Rate Limits

Understand usage tiers, request limits, and how to optimize your API usage for the best performance.

5

Usage Tiers

TPM

Tokens Per Minute

RPM

Requests Per Minute

RPD

Requests Per Day

Usage Tiers

Rate limits are determined by your usage tier, which is based on your spending history and account age. You can view your current tier in the dashboard.
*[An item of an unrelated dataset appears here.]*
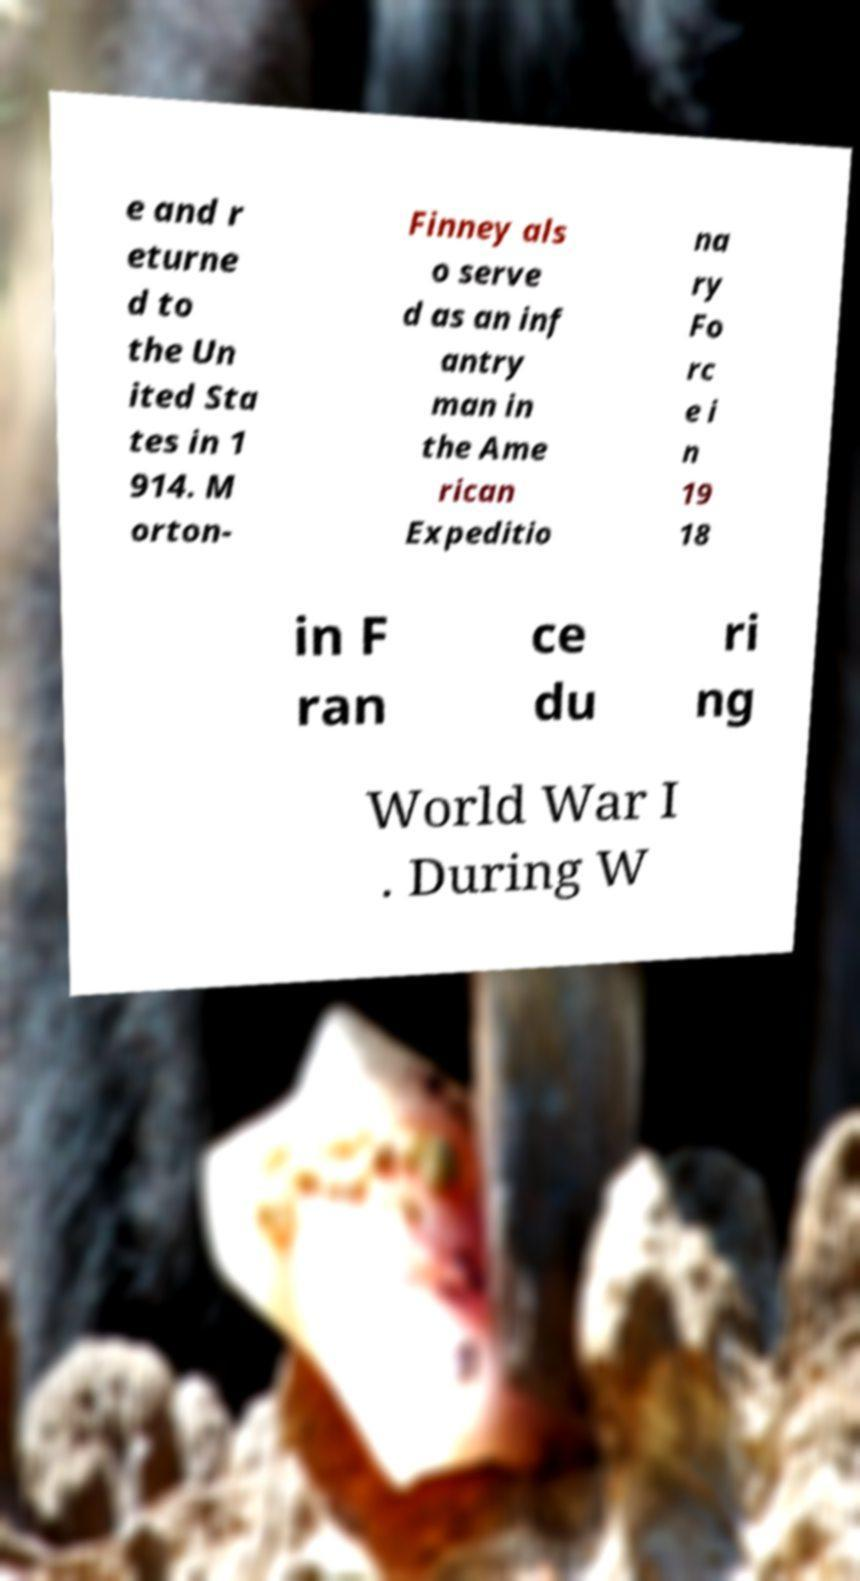What messages or text are displayed in this image? I need them in a readable, typed format. e and r eturne d to the Un ited Sta tes in 1 914. M orton- Finney als o serve d as an inf antry man in the Ame rican Expeditio na ry Fo rc e i n 19 18 in F ran ce du ri ng World War I . During W

Tier	Qualification	Usage Limit	RPM	TPM
Free	New accounts	$100 / month	20	40,000
Tier 1	$5 paid	$100 / month	500	200,000
Tier 2	$50 paid + 7 days	$500 / month	2,000	1,000,000
Tier 3	$100 paid + 14 days	$2,000 / month	5,000	5,000,000
Tier 4	$500 paid + 30 days	$50,000 / month	10,000	30,000,000

💡 Need Higher Limits?

Enterprise customers can request custom rate limits. Contact our sales team to discuss your requirements.

Model-Specific Limits

Different models have different rate limits based on their compute requirements.

🚀 Mythic-4

Max context128K tokens
Max output16K tokens
RPM (Tier 1)500
TPM (Tier 1)200K

⚡ Mythic-4-mini

Max context128K tokens
Max output16K tokens
RPM (Tier 1)2,000
TPM (Tier 1)500K

🔮 Mythic-4-vision

Max context128K tokens
Max images10 per request
RPM (Tier 1)300
TPM (Tier 1)150K

📊 Mythic-embed-3

Max input8,191 tokens
Batch size2,048 inputs
RPM (Tier 1)3,000
TPM (Tier 1)1M

Rate Limit Headers

Every API response includes headers to help you track your usage:

x-ratelimit-limit-requests

Max requests allowed in the current window

x-ratelimit-limit-tokens

Max tokens allowed in the current window

x-ratelimit-remaining-requests

Requests remaining in the current window

x-ratelimit-remaining-tokens

Tokens remaining in the current window

x-ratelimit-reset-requests

Time until request limit resets (seconds)

x-ratelimit-reset-tokens

Time until token limit resets (seconds)

Handling Rate Limits

When you exceed rate limits, the API returns a 429 status code. Implement exponential backoff:

Python - Retry with Backoff

                    import time
from mythicdot import MythicDot, RateLimitError

client = MythicDot()

def make_request_with_retry(prompt, max_retries=5):
    for attempt in range(max_retries):
        try:
            return client.chat.completions.create(
                model="mythic-4",
                messages=[{"role": "user", "content": prompt}]
            )
        except RateLimitError as e:
            if attempt == max_retries - 1:
                raise
            
            # Exponential backoff: 1s, 2s, 4s, 8s, 16s
            wait_time = 2 ** attempt
            print(f"Rate limited. Waiting {wait_time}s...")
            time.sleep(wait_time)

# Or use the built-in retry (recommended)
client = MythicDot(max_retries=5)
                

Best Practices

⚡ Use Batching

Group multiple requests together using batch endpoints to reduce RPM usage and save 50% on costs.

📉 Implement Backoff

Use exponential backoff with jitter to handle 429 errors gracefully without hammering the API.

🔄 Cache Responses

Cache responses for identical requests to avoid unnecessary API calls and reduce token usage.

📊 Monitor Usage

Track rate limit headers and monitor your dashboard to stay within limits and plan scaling.